Non functional flappers in the head
The thorax of all insects is by definition divided into three segments, each with a pair of legs. In most orders, there are also two pairs of wings, one on the middle segment of the thorax and another at the rear.
Other orders such as flies and mosquitoes have only one set of wings, at the rear, and a few - most ants, for example - have no wings at all.
But no insects today have functional flappers in the first segment next to the head. Their forebear, however, did.
Losing wings and gaining them
For 100 million years following the first primitive insects, Prud'homme explained, wings on the first segment of the thorax and the abdomen dropped away entirely.
But then, some 50 million years ago, something strange happened to the cicada-like treehoppers: they once again sprouted wing-like structures from the top of the first segment of the thorax.
Some of these wildly divergent extrusions resemble thorns, others look like antlers, and still others like aggressive ants or animal droppings, creating one of Nature's most exotic menageries.

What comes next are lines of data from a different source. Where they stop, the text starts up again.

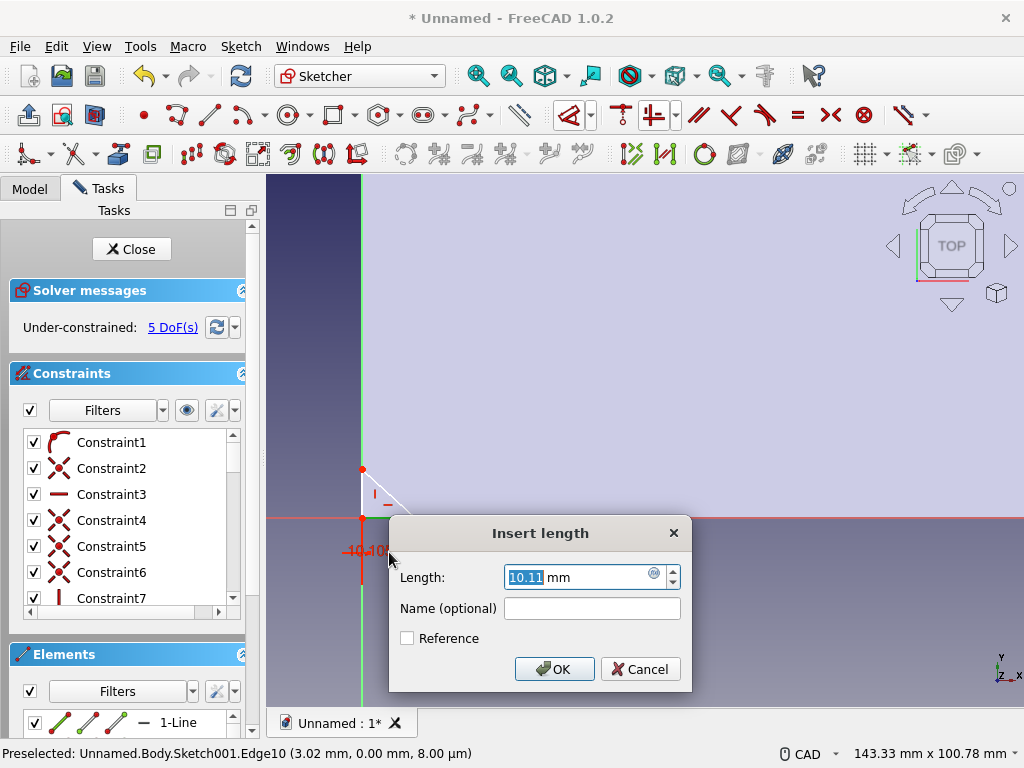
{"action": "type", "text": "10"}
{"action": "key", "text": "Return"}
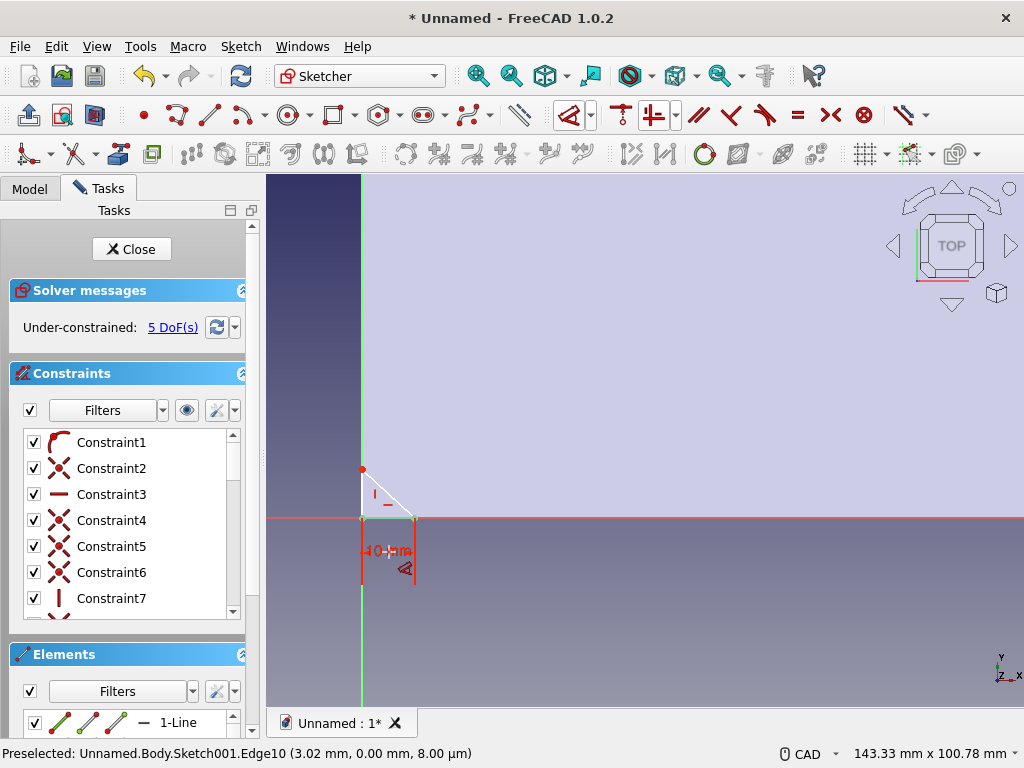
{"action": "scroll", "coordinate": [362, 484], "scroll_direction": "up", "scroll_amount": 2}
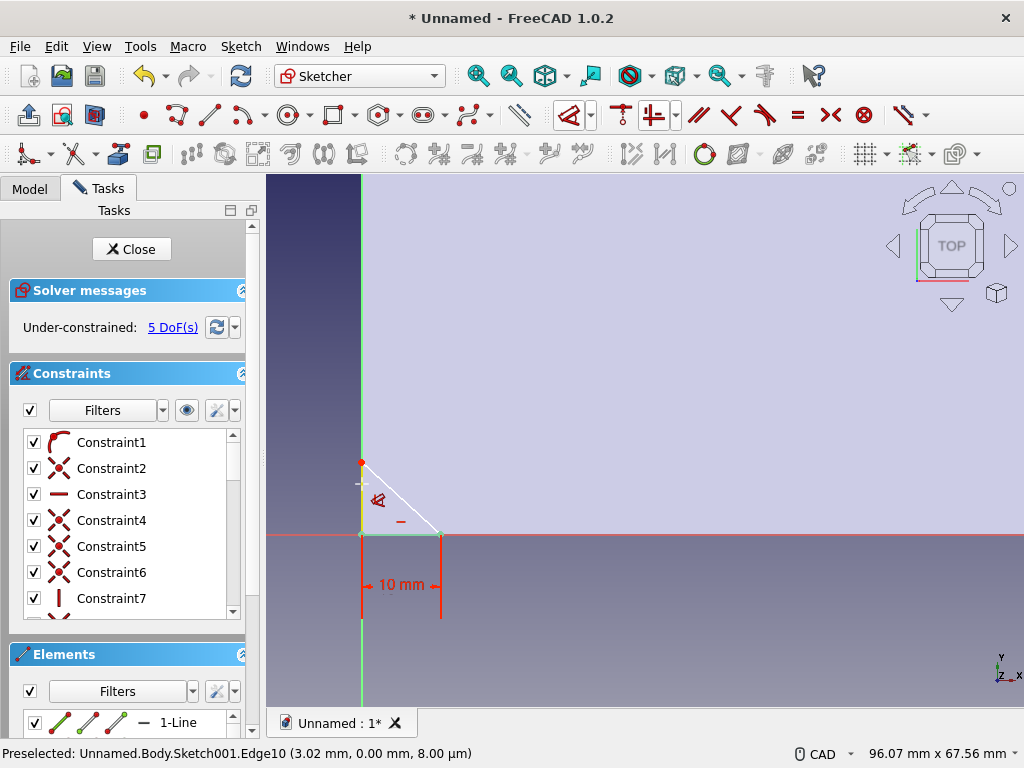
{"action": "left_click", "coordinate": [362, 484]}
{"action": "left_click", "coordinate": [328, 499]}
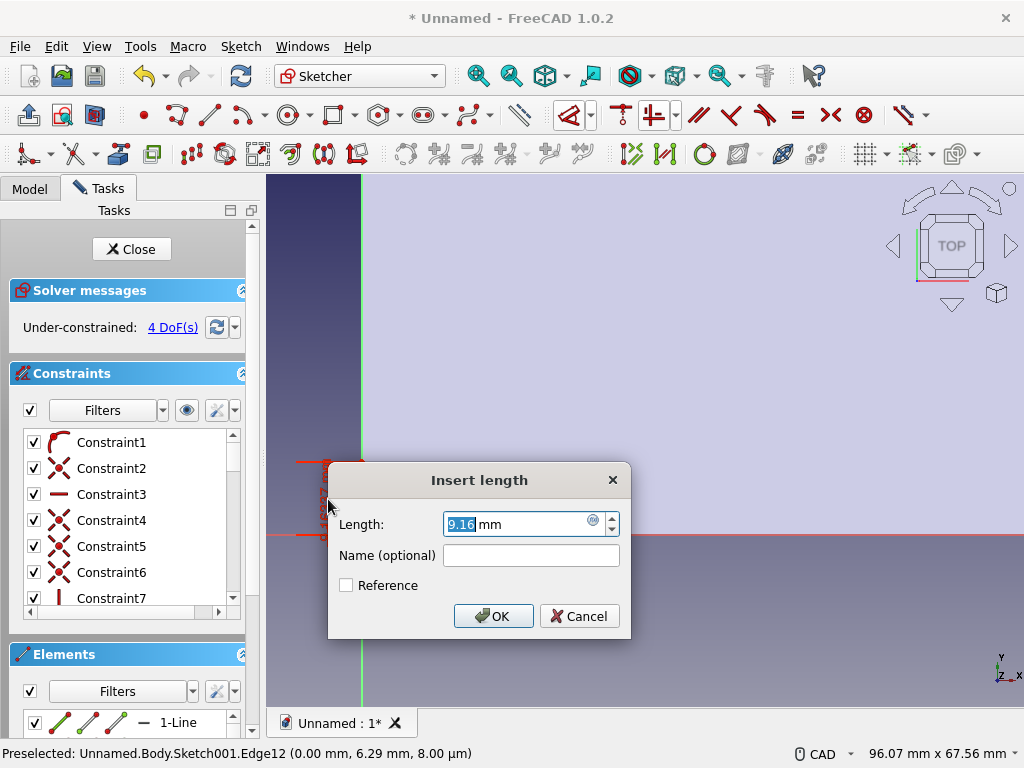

Experts had long assumed that these so-called 'helmets' were armour-like expansions of the insects' exoskeletons.
Full-circle evolution
But by carefully observing the treehopper's development into adulthood, Prud'homme and colleagues showed that this headgear began as a pair of buds - attached at the sides, and articulated like wings - that fused together as they grew.
Evolution is usually described as linear, but these modified wings suggested the process had come full circle. "This is the only known example of a modern insect that has grown a third pair of wings," Prud'homme said by phone. "It is a modification of the basic body plan of insects."